The 2022 spike in the median CEO golden parachute value coincided with an increase in the say-on-golden parachute failure rate. The magnitude of golden parachute payments appears to be a significant factor in many investors’ voting decisions, further highlighted by the stark difference in median golden parachute values between failed and passing proposals. For failed proposals in 2022, the average value of cash-based payments declined while equity values represented a higher proportion of total CEO parachute payments compared to 2021, and problematic equity acceleration emerged as a more prevalent concern.
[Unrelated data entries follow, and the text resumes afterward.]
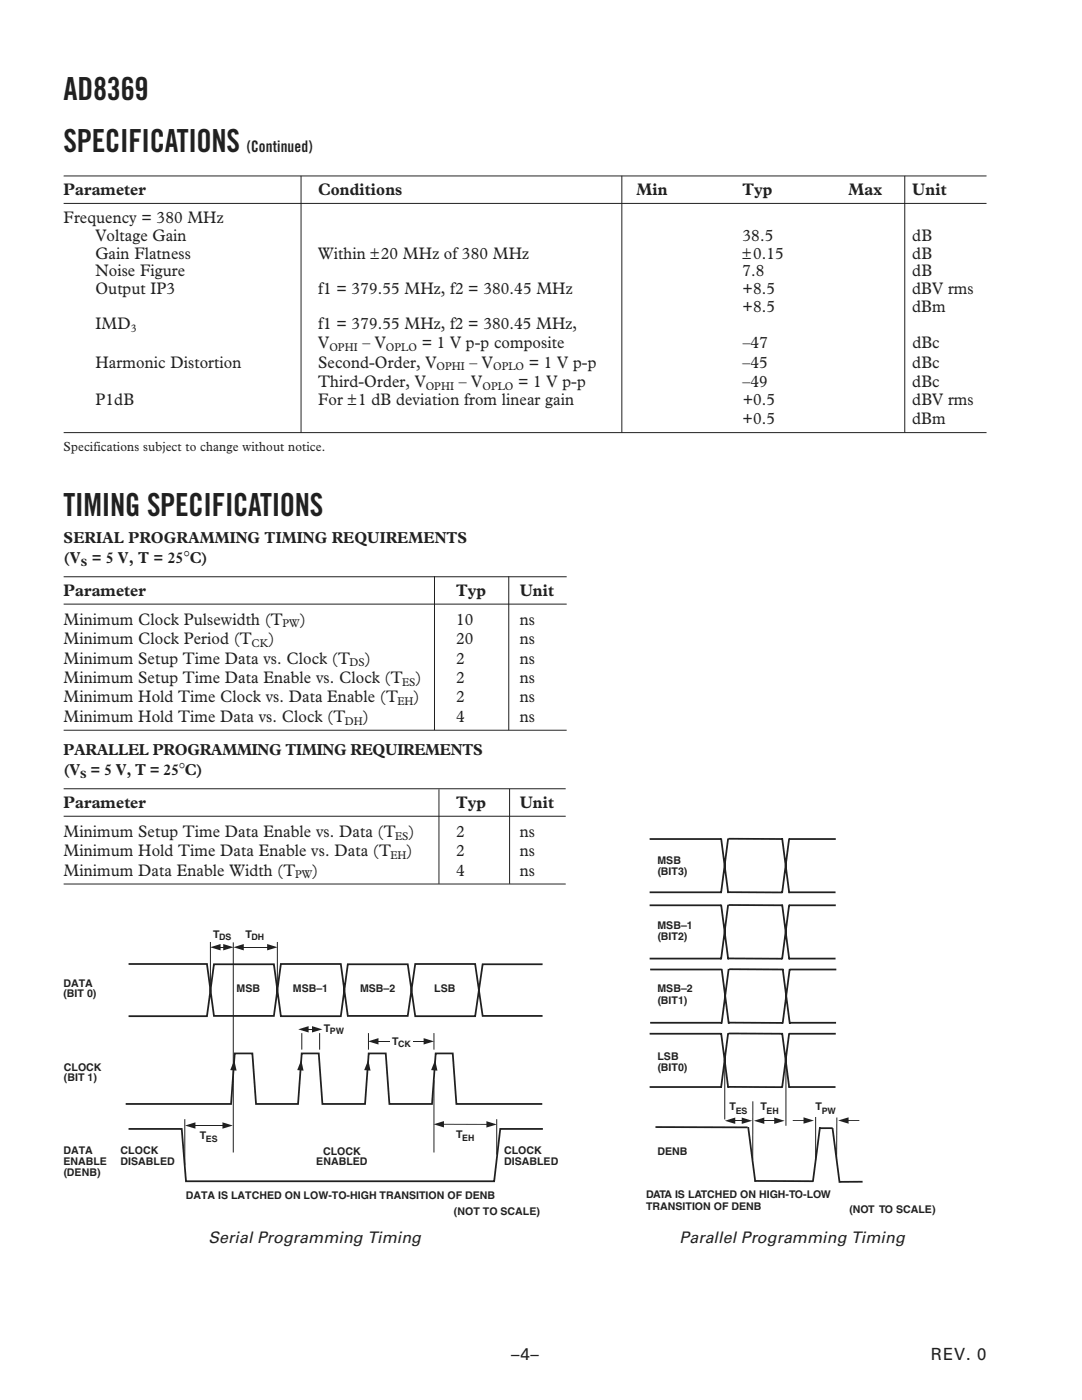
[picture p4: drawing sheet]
<svg xmlns="http://www.w3.org/2000/svg" width="216mm" height="279mm" viewBox="0 0 216 279" stroke-linecap="round" stroke-linejoin="round" font-family="sans-serif">
<defs><g id="words">
<g font-size="6.3" fill="#231f20">
<text x="12.7" y="19.9">AD8369</text>
<text x="12.7" y="30.4">SPECIFICATIONS</text>
<text x="12.7" y="102.9">TIMING SPECIFICATIONS</text>
</g>
<g font-size="3.4" fill="#231f20">
<text x="12.7" y="38.9">Parameter</text>
<text x="63.5" y="38.9">Conditions</text>
<text x="127" y="38.9">Min</text>
<text x="148.2" y="38.9">Typ</text>
<text x="169.3" y="38.9">Max</text>
<text x="182" y="38.9">Unit</text>
<text x="12.7" y="44.6">Frequency = 380 MHz</text>
<text x="19.1" y="48.1">Voltage Gain</text>
<text x="19.1" y="51.6">Gain Flatness</text>
<text x="63.5" y="51.6">Within ±20 MHz of 380 MHz</text>
<text x="148.2" y="48.1">38.5</text>
<text x="148.2" y="51.6">±0.15</text>
<text x="182" y="51.6">dB</text>
<text x="182" y="48.1">dB</text>
<text x="19.1" y="55.1">Noise Figure</text>
<text x="19.1" y="58.7">Output IP3</text>
<text x="63.5" y="58.7">f1 = 379.55 MHz, f2 = 380.45 MHz</text>
<text x="148.2" y="55.1">7.8</text>
<text x="148.2" y="58.7">+8.5</text>
<text x="182" y="58.7">dBV rms</text>
<text x="182" y="55.1">dB</text>
<text x="19.1" y="65.7">IMD</text>
<text x="63.5" y="65.7">f1 = 379.55 MHz, f2 = 380.45 MHz,</text>
<text x="148.2" y="62.2">+8.5</text>
<text x="182" y="62.2">dBm</text>
<text x="63.5" y="69.5">V</text>
<text x="72.3" y="69.5">– V</text>
<text x="84.2" y="69.5">= 1 V p-p composite</text>
<text x="148.2" y="69.5">–47</text>
<text x="182.1" y="69.5">dBc</text>
<text x="19.1" y="73.4">Harmonic Distortion</text>
<text x="63.5" y="77.3">Third-Order, V</text>
<text x="63.5" y="73.4">Second-Order, V</text>
<text x="91.5" y="77.3">– V</text>
<text x="93.7" y="73.4">– V</text>
<text x="103.4" y="77.3">= 1 V p-p</text>
<text x="105.5" y="73.4">= 1 V p-p</text>
<text x="148.2" y="77.3">–49</text>
<text x="148.2" y="73.4">–45</text>
<text x="182" y="77.3">dBc</text>
<text x="182" y="73.4">dBc</text>
<text x="19.1" y="80.9">P1dB</text>
<text x="63.5" y="80.9">For ±1 dB deviation from linear gain</text>
<text x="148.2" y="80.9">+0.5</text>
<text x="182" y="80.9">dBV rms</text>
<text x="148.2" y="84.7">+0.5</text>
<text x="182" y="84.7">dBm</text>
<text x="12.7" y="118.9">Parameter</text>
<text x="91" y="118.9">Typ</text>
<text x="103.7" y="118.9">Unit</text>
<text x="12.7" y="124.7">Minimum Clock Pulsewidth (T</text>
<text x="59.8" y="124.7">)</text>
<text x="91" y="124.7">10</text>
<text x="103.7" y="124.7">ns</text>
<text x="12.7" y="128.5">Minimum Clock Period (T</text>
<text x="53.6" y="128.5">)</text>
<text x="91" y="128.5">20</text>
<text x="103.7" y="128.5">ns</text>
<text x="12.7" y="136.3">Minimum Setup Time Data Enable vs. Clock (T</text>
<text x="12.7" y="132.4">Minimum Setup Time Data vs. Clock (T</text>
<text x="72.8" y="132.4">)</text>
<text x="82.9" y="136.3">)</text>
<text x="91" y="136.3">2</text>
<text x="91" y="132.4">2</text>
<text x="103.7" y="136.3">ns</text>
<text x="103.7" y="132.4">ns</text>
<text x="12.7" y="140.2">Minimum Hold Time Clock vs. Data Enable (T</text>
<text x="82.5" y="140.2">)</text>
<text x="91" y="140.2">2</text>
<text x="103.7" y="140.2">ns</text>
<text x="12.7" y="144.1">Minimum Hold Time Data vs. Clock (T</text>
<text x="72.4" y="144.1">)</text>
<text x="91" y="144.1">4</text>
<text x="103.7" y="144.1">ns</text>
<text x="12.7" y="161.2">Parameter</text>
<text x="91" y="161.2">Typ</text>
<text x="103.7" y="161.2">Unit</text>
<text x="12.7" y="167">Minimum Setup Time Data Enable vs. Data (T</text>
<text x="81.5" y="167">)</text>
<text x="91" y="167">2</text>
<text x="103.7" y="167">ns</text>
<text x="12.7" y="170.9">Minimum Hold Time Data Enable vs. Data (T</text>
<text x="81.1" y="170.9">)</text>
<text x="91" y="170.9">2</text>
<text x="103.7" y="170.9">ns</text>
<text x="12.7" y="174.8">Minimum Data Enable Width (T</text>
<text x="62.3" y="174.8">)</text>
<text x="91" y="174.8">4</text>
<text x="103.7" y="174.8">ns</text>
<text x="102" y="271.5">–4–</text>
<text x="185.8" y="271.5">REV. 0</text>
</g>
<g font-size="3.2" fill="#231f20">
<text x="49.3" y="30.4">(Continued)</text>
<text x="12.7" y="108.4">SERIAL PROGRAMMING TIMING REQUIREMENTS</text>
<text x="12.7" y="112.3">(V = 5 V, T = 25∞C)</text>
<text x="12.7" y="150.7">PARALLEL PROGRAMMING TIMING REQUIREMENTS</text>
<text x="12.7" y="154.6">(V = 5 V, T = 25∞C)</text>
<text x="41.6" y="248.1">Serial Programming Timing</text>
<text x="135.6" y="248.1">Parallel Programming Timing</text>
</g>
<text font-size="2.6" fill="#231f20" x="12.7" y="90">Specifications subject to change without notice.</text>
<g font-size="2.3" fill="#231f20">
<text x="26.1" y="66.3">3</text>
<text x="65.7" y="70.1">OPHI</text>
<text x="77" y="70.1">OPLO</text>
<text x="84.9" y="77.8">OPHI</text>
<text x="87.1" y="73.9">OPHI</text>
<text x="96.3" y="77.8">OPLO</text>
<text x="98.4" y="73.9">OPLO</text>
<text x="56.4" y="125.2">PW</text>
<text x="50.2" y="129.1">CK</text>
<text x="69.7" y="133">DS</text>
<text x="80.2" y="136.9">ES</text>
<text x="79.3" y="140.7">EH</text>
<text x="68.8" y="144.6">DH</text>
<text x="78.8" y="167.6">ES</text>
<text x="77.9" y="171.4">EH</text>
<text x="58.9" y="175.3">PW</text>
</g>
<g font-size="2.1" fill="#231f20">
<text x="16.1" y="112.9">S</text>
<text x="16" y="155.2">S</text>
<text x="131.2" y="172.4">MSB</text>
<text x="131.3" y="174.7">(BIT3)</text>
<text x="131.2" y="185.3">MSB–1</text>
<text x="42.5" y="187.2">T</text>
<text x="49" y="187.2">T</text>
<text x="131.3" y="187.7">(BIT2)</text>
<text x="12.7" y="196.9">DATA</text>
<text x="12.7" y="199">(BIT 0)</text>
<text x="47.2" y="198">MSB</text>
<text x="58.4" y="198">MSB–1</text>
<text x="71.8" y="198">MSB–2</text>
<text x="86.7" y="198">LSB</text>
<text x="131.2" y="198">MSB–2</text>
<text x="131.3" y="200.4">(BIT1)</text>
<text x="64.6" y="205.9">T</text>
<text x="78.2" y="208.5">T</text>
<text x="12.8" y="213.7">CLOCK</text>
<text x="12.8" y="215.8">(BIT 1)</text>
<text x="131.2" y="211.5">LSB</text>
<text x="131.3" y="213.8">(BIT0)</text>
<text x="145.6" y="221.6">T</text>
<text x="151.7" y="221.6">T</text>
<text x="162.8" y="221.6">T</text>
<text x="39.9" y="227.3">T</text>
<text x="91" y="227.1">T</text>
<text x="12.7" y="230.4">DATA</text>
<text x="12.7" y="232.5">ENABLE</text>
<text x="24.1" y="230.4">CLOCK</text>
<text x="24.1" y="232.5">DISABLED</text>
<text x="63.1" y="232.6">ENABLED</text>
<text x="64.5" y="230.5">CLOCK</text>
<text x="100.6" y="230.4">CLOCK</text>
<text x="100.6" y="232.5">DISABLED</text>
<text x="131.2" y="230.4">DENB</text>
<text x="12.7" y="234.6">(DENB)</text>
<text x="37.1" y="239.2">DATA IS LATCHED ON LOW-TO-HIGH TRANSITION OF DENB</text>
<text x="128.9" y="239.2">DATA IS LATCHED ON HIGH-TO-LOW</text>
<text x="90.6" y="242.4">(NOT TO SCALE)</text>
<text x="128.9" y="241.5">TRANSITION OF DENB</text>
<text x="169.5" y="242">(NOT TO SCALE)</text>
</g>
<g font-size="1.8" fill="#231f20">
<text x="43.7" y="187.7">DS</text>
<text x="50.2" y="187.7">DH</text>
<text x="65.8" y="206.4">PW</text>
<text x="79.4" y="209">CK</text>
<text x="41.1" y="227.9">ES</text>
<text x="92.2" y="227.7">EH</text>
<text x="146.8" y="222.2">ES</text>
<text x="152.9" y="222.2">EH</text>
<text x="164" y="222.2">PW</text>
</g>
</g></defs>
<path d="M12.7 35.1h184.1M60.1 35.1v51.3M124.1 35.1v51.3M180.5 35.1v51.3M12.7 40.6h184.1M12.7 86.3h184.1M12.7 115.1h100.4M86.7 115v30.7M101.5 115v30.7M12.7 120.6h100.4M12.7 145.7h100.4M88.1 224.4h9.4" fill="none" stroke="#231f20" stroke-width=".2"/>
<path d="M25.6 192.4h15.7l1.4 10.3h11.9l1.4-10.3h12l1.4 10.3h12l1.5-10.3h11.9l1.5 10.3h12M108.3 192.4h-12l-1.5 10.4h-11.9l-1.5-10.4h-12l-1.4 10.4h-12l-1.3-10.4h-12l-1.4 10.4h-15.6M25.1 220.3h21l.7-10.1h3.6l.7 10.1h8.4l.7-10.1h3.4l.7 10.1h8.5l.8-10.1h3.4l.7 10.1h8.5l.7-10.1h3.4l.8 10.1h17.1M25.6 225.3h10.7l.8 10.4h61.5l1.2-10.4h8.5" fill="none" stroke="#231f20" stroke-width=".35"/>
<g fill="#231f20">
<path d="M86.5 224.4l2.1-.7v1.3z"/>
<path d="M97.1 223.8l2 .6-2 .6z"/>
</g>
<path d="M60.2 206.2v3.3M63.8 206.2v3.3M73.5 206.2v3.3M75.1 207.8h9.9M86.6 206.2v3.3M86.6 215.6v14.4M99.1 223.4v7" fill="none" stroke="#231f20" stroke-width=".2"/>
<g fill="#231f20">
<path d="M73.4 207.8l2.1-.6v1.3z"/>
<path d="M84.5 207.2l2.1 .6-2.1 .7z"/>
<path d="M59.5 205.4l2.1-.6v1.3z"/>
<path d="M62.3 204.8l2 .6-2 .7z"/>
<path d="M73.5 211.5l.4 2.2-1.2-.1z"/>
<path d="M60.1 211.5l.5 2.2-1.3-.1z"/>
<path d="M46.7 211.5l.5 2.2-1.3-.1z"/>
</g>
<g fill="#231f20">
<path d="M61.1 205.3h1.6v.2h-1.6z"/>
<path d="M73.3 213.2h.1z"/>
<path d="M59.9 213.2h.2z"/>
<path d="M46.5 213.2h.2z"/>
</g>
<path d="M42 188v8.2M46.5 188.1v41.9M55.3 188v8.2M38.6 224.6h6.2" fill="none" stroke="#231f20" stroke-width=".2"/>
<g fill="#231f20">
<path d="M36.9 224.6l2.1-.6v1.3z"/>
<path d="M44.4 224l2.1 .6-2.1 .7z"/>
</g>
<path d="M48.2 189h5.5M36.9 223.4v9.1" fill="none" stroke="#231f20" stroke-width=".2"/>
<g fill="#231f20">
<path d="M46.6 189l2-.6v1.3z"/>
<path d="M53.3 188.4l2.1 .6-2.1 .7z"/>
<path d="M41.9 189l2.1-.6v1.3z"/>
<path d="M44.5 188.4l2.1 .6-2.1 .7z"/>
</g>
<path d="M43.6 188.9h1.4v.2h-1.4z" fill="#231f20"/>
<path d="M77.9 206.3h4.4v3.5h-4.4z" fill="#fff"/>
<path d="M86.6 213.2h.2z" fill="#231f20"/>
<path d="M86.8 211.5l.5 2.2-1.3-.1z" fill="#231f20"/>
<path d="M12.7 157.4h100.2M87.6 157.5v18.9M101.7 157.4v19M12.7 162.9h100.2M12.7 176.4h100.2M144.6 210.6v12.8M150.2 219.8v11.6M156.8 212.4v12.3M152.1 223.7h2.8M162.8 222.9v8.6M167 223l-.1 8.6" fill="none" stroke="#231f20" stroke-width=".2"/>
<g fill="none" stroke="#231f20" stroke-width=".35">
<path d="M129.6 167.4h14.3M129.6 178.1h14.3M143.9 167.3l1.4 10.9M145.2 178.1h10.8M145.3 167.3l-1.4 10.9M145.4 167.4h10.8M156.1 167.3l1.4 10.9M157.4 178.1h9.3M157.5 167.4h9.3M157.5 167.3l-1.4 10.9M129.6 180.7h14.3M129.6 191.3h14.3"/>
<path d="M129.7 193.5h14.3M143.9 180.6l1.4 10.9M144 193.4l1.4 10.9M145.2 191.3h10.8M145.3 180.6l-1.4 10.9M145.4 180.6l10.8 .1M145.4 193.4l-1.4 10.9M145.5 193.4l10.8 .1M156.1 180.6l1.4 10.9M156.2 193.4l1.4 10.9M157.4 191.3h9.3M157.5 180.7h9.3"/>
<path d="M157.5 180.6l-1.4 10.9M157.6 193.5h9.3M157.6 193.4l-1.4 10.9M129.6 206.3h14.3M129.6 216.9h14.3M129.7 204.1h14.3M143.9 206.2l1.4 10.9M145.2 216.9l10.8 .1M145.3 206.2l-1.4 10.9M145.3 204.1h10.8M145.4 206.3h10.8M156.1 206.2l1.4 10.9"/>
<path d="M157.4 216.9h9.3M157.5 206.3h9.3M157.5 206.2l-1.4 10.9M157.5 204.1h9.3M130.8 224.9l18.4 .1M149.3 224.9l1.4 10.9M150.5 235.7h11.8M163.6 224.9l-1.4 10.9M166.1 225.1l1.4 10.9M166.1 225.2h-2.6M172.1 235.8l-4.6 .1"/>
</g>
<g fill="#231f20">
<path d="M150.4 223.7l2.1-.7v1.3z"/>
<path d="M154.5 223l2.1 .7-2.1 .6z"/>
</g>
<path d="M158.2 223.6h2.6" fill="none" stroke="#231f20" stroke-width=".2"/>
<path d="M160.3 223l2.1 .6-2.1 .7z" fill="#231f20"/>
<path d="M168.9 223.6h2.6" fill="none" stroke="#231f20" stroke-width=".2"/>
<path d="M167.3 223.6l2-.6v1.3z" fill="#231f20"/>
<path d="M146.3 223.7h2.1" fill="none" stroke="#231f20" stroke-width=".2"/>
<g fill="#231f20">
<path d="M144.6 223.7l2.1-.7v1.3z"/>
<path d="M148 223l2.1 .7-2.1 .6z"/>
</g>
<use href="#words"/>
</svg>

Concerns identified in 2022 point to potential issues with single trigger acceleration, coupled in some cases with above-target acceleration of performance shares; in other words, the conditions in which CEOs would receive a significant portion of their golden parachute payments – on a single-trigger basis with potentially enhanced amounts – likely played a role in the increase in the say-on-golden parachute failure rate in 2022. The treatment of equity in severance packages, coupled with increasing magnitude, remains an area of significant concern for many shareholders and that ISS will continue to monitor.